Anaphylactic Shock and Italian ~Public~ Hospitals

Anaphylactic Shock and Italian ~Public~ Hospitals

You can’t blame Tyler Bradford (T-Brad). It was an eggplant pizza. Who knew there were nuts in eggplant??

It was about 2am on a classic Rome Tuesday night. Chad and I (Topher) had already fallen asleep when T-Brad comes in waking us up asking for Benadryl. His coughs and wheezes make him sound like a lifelong smoker who has lost his oxygen tank, and worse: I see his swollen lips and puffy eyes silhouetted by the faint Roman street lights through the window.  Next thing we know, I’m shouting for Bonez (Chad) to throw me the darts and we’re cruising through the Roman night life looking for Benedryl (active ingredient Diphenhydramine, a word equally hard to say in English as it is Italian). Our English speaking bartender friend we had recently gotten to know (pre-nut) helped us hail down a cab and directed us to a hospital as Brad broke into hives like a human-sized bee sting (he forgot his Epi-Pen in the states... lmfao).

We stop at a pharmacy first because Brad hates hospitals (rightly so, and even he doesn’t know what he’s up for). I slip the driver a twenty (in euros, so more like $27.69 USD), and he waits out front. Now I’m no expert on the matter, but this girl had to be the worst pharmacist that ever existed. Either that, or mine and Brad’s Italian/hand gestures/Kardashian sized swollen lips did not get the point across. We finally made it out with some shit called Aerius? Artimes? Antihistamine? Adonis Complex? Still not sure, but my Google skills makes for a better Pharmacist than that numbskull.

Next stop was the hospital. The only way to get Brad there was to promise we wouldn’t go in, that we’d just rip darts out front and wait out the worst case scenario: Anaphylatic shock (death). We pulled up, my $27.69 still covered us, so we said some American form of “gratzie” to our driver and bounced.

We ripped a dart, and then I said I was going to go inside and see how the Romans felt about tridelta insurance (or Tri something, whatever it was called).

Worst hospital experience I’ve ever had. Romans must hate Americans. Or maybe it was because the 19 year old American girl that had just come in before us had alcohol poisoning from two beers and a shot that her friend kept calling the “Captain America” shot (Dear Italians, we’re sorry, by the way, for idiots and Marvel themed alcohol, sounds like they were made for each other though).

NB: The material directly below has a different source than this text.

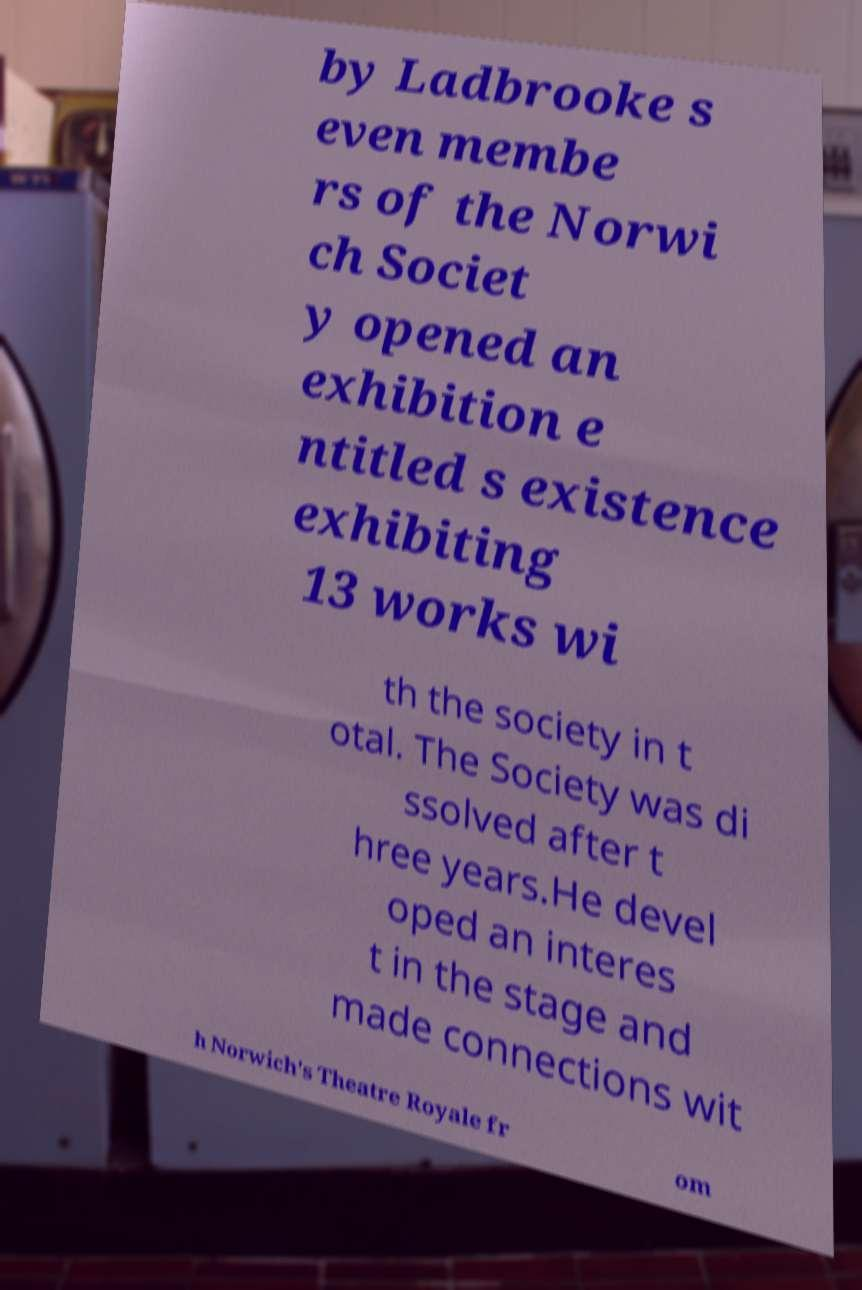I need the written content from this picture converted into text. Can you do that? by Ladbrooke s even membe rs of the Norwi ch Societ y opened an exhibition e ntitled s existence exhibiting 13 works wi th the society in t otal. The Society was di ssolved after t hree years.He devel oped an interes t in the stage and made connections wit h Norwich's Theatre Royale fr om 
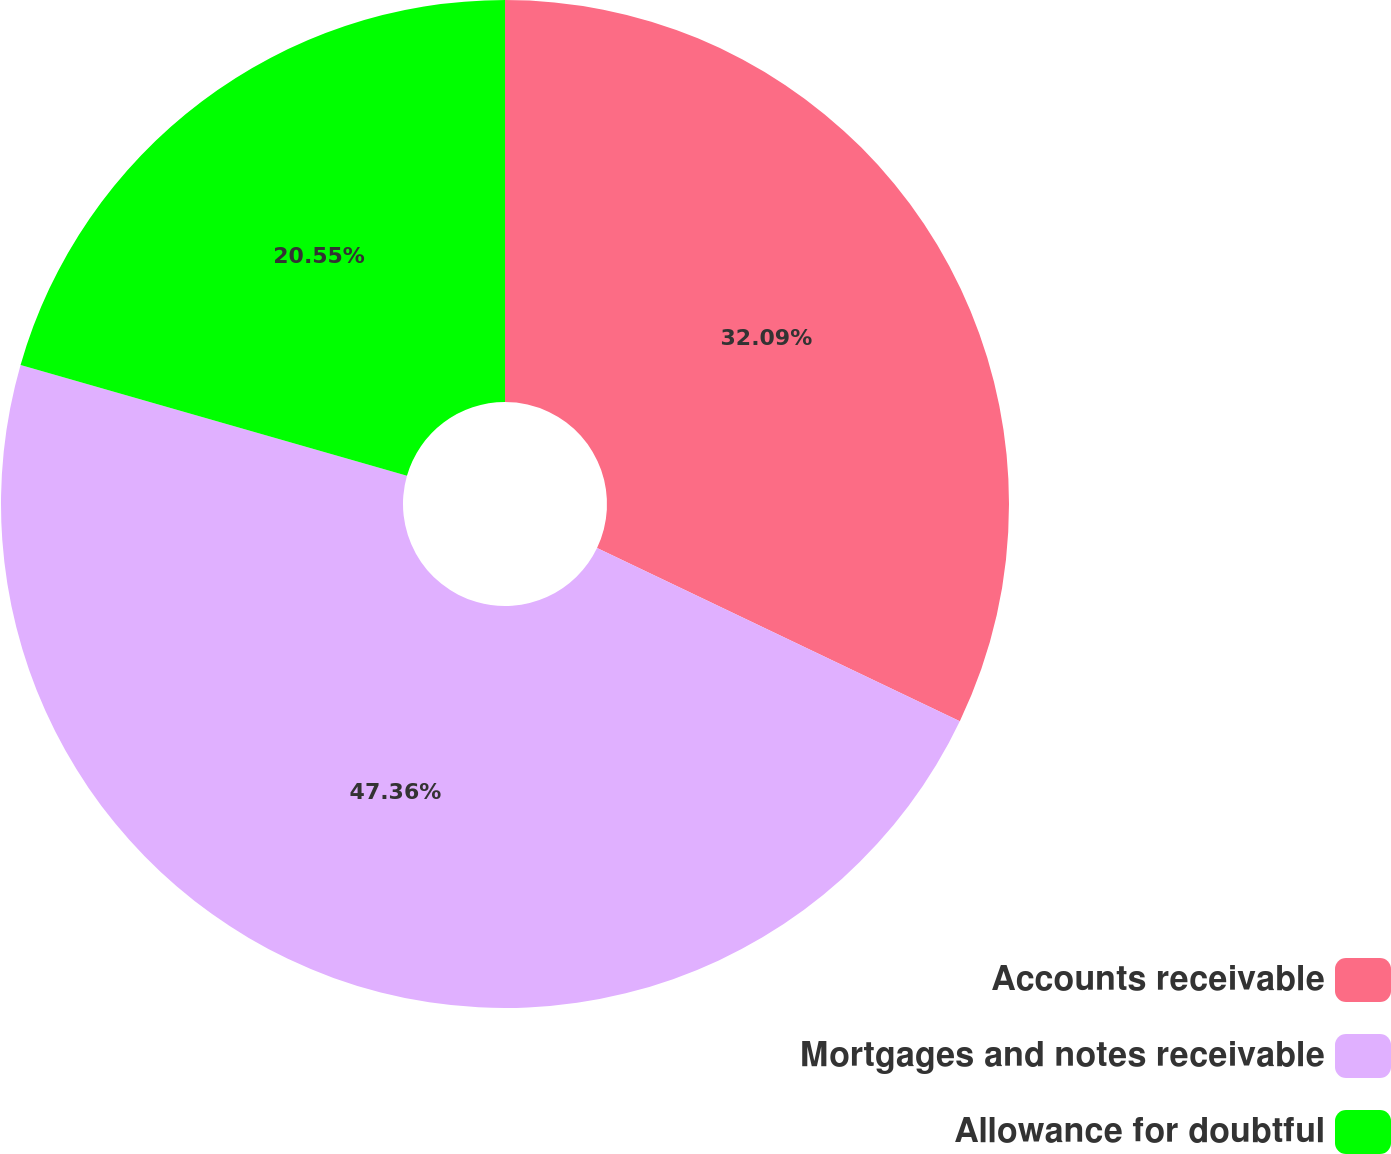Convert chart to OTSL. <chart><loc_0><loc_0><loc_500><loc_500><pie_chart><fcel>Accounts receivable<fcel>Mortgages and notes receivable<fcel>Allowance for doubtful<nl><fcel>32.09%<fcel>47.36%<fcel>20.55%<nl></chart>

The front desk nurse greeted me with “how drunk is she”? We got off to a bad start. Anyway, has anyone ever heard of a “public hospital”? Well I hadn’t, but apparently it means all this medicine shit is free. But before I knew that glorious fact, which the desk nurse must have thought I knew, we got in a shouting match and a few f bombs were dropped because I was trying to figure out this trifecta insurance. Finally, a nicer Italian came up and explained what a public hospital was based on the definition rather than just shouting “we’re a public hospital!”

I finally come back outside to find Brad ripping more darts in between his raspy wheezing and ever-closing throat. He looks like a fluffy red chimney. The old pro has been through this dozens of times, so it doesn’t phase him, but the hives, bloodshot eyes, and bowtox lips were no joke. We sat for a while. I went back inside and wrote a bunch of different forms of Benadryl, antihistamines, and other stuff I found online in Italian on sheet of paper since there was no one attending the front desk. Came back outside. Ripped some more darts. More hives. Finally the old pro gave in and we went into the hospital.

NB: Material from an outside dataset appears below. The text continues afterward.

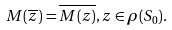Convert formula to latex. <formula><loc_0><loc_0><loc_500><loc_500>M ( \overline { z } ) = \overline { M ( z ) } , z \in \rho ( S _ { 0 } ) .</formula> 
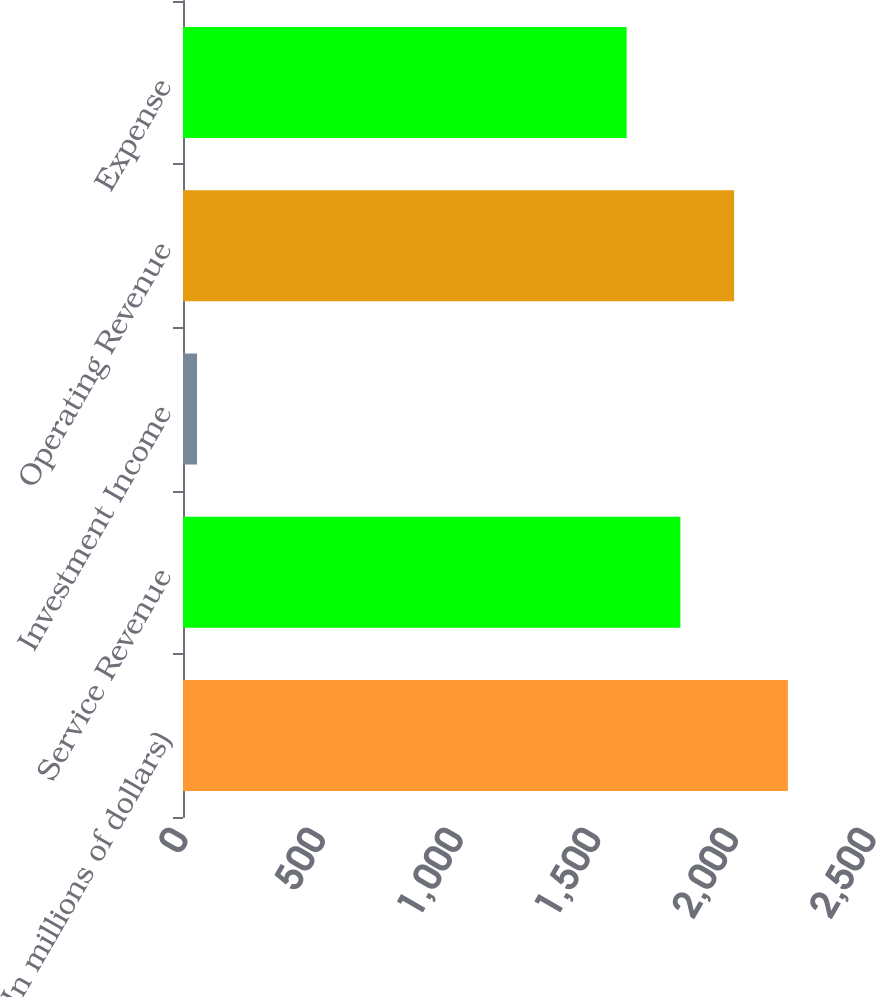<chart> <loc_0><loc_0><loc_500><loc_500><bar_chart><fcel>(In millions of dollars)<fcel>Service Revenue<fcel>Investment Income<fcel>Operating Revenue<fcel>Expense<nl><fcel>2197.9<fcel>1807.3<fcel>51<fcel>2002.6<fcel>1612<nl></chart>

Now we’re in the back of the hospital checking blood pressure and citizenship. Chad’s sending pictures of passports from home base (including a picture of the cover just in case). We wheel T-Brad back, they kick me out, and an hour later I get this text from him:

Tbrad1.png

And now I’m sitting outside ripping darts and writing this article for the Almost Friday blog.

A few hours later, around 6am, T-Brad sends me home and says he can handle things from here.

Chad speaking now:

I wake up to Topher knocking over a chair as he plops onto the bed.  He mentions I should head to the hospital when I wake back up that morning, but I don’t care how much of an old pro T-Brad may be, my BME (big maternal energy) kicks in, and I throw on my jeans, order a Taxi, and down an espresso while I wait. “I’m coming for you Brad,” I think outside of a café at six in the morning, “you’re not dying in a Roman hospital today.”

By the time I arrive and see the conditions of the hospital, however, I think that Tyler may actually die in a Roman hospital today. Italy, for all it’s beautiful language, sights, and people suddenly becomes a third world country. With no signing in, or visitor pass, or any sort of officiality, the languid receptionist points me back to the hospital room where I see a hived out Brad laying next to two sleeping drunks (true to Tyler’s form if you ask me) and an old lady who may already be dead (hard to tell).

The old pro and I greet, he gives me the skinny: this place blows. No one checks on the old lady for the entire time I’m there (is she dead?). I try not to freak out (I’m no doctor, but the boy looks like he lost horribly in a game of bee-hive piñata) so I start to look up English speaking hospitals, US embassy numbers, how to get an EpiPen (jury is still out on this) yada yada.

Tyler has already asked the Doctors to be discharged twice (the IV is still in his arm) they tell him that it’ll be a minute, and we wait. Thirty minutes later however, the two doctors that had been “taking care” of our old pro are walking out at the end of the hallway, dressed in their street clothes and all but high fiving as they got through another night without doing jack shit.

Tyler is pissed, furious, and I can’t tell if he’s red from anger or if the hives have gotten worse. I’m feeding off his pent-up-Beltonian-anger and we stand up and go to what I assumed was an ICU, but looks more like a “doctors” lounge, by the way the looks of the “doctors” kicking back and laughing, and I wouldn’t be surprised if they were smoking cigarettes (the “doctors” are surrounded by sleeping/dying people in hospital beds, Duolingo did not prep me for this).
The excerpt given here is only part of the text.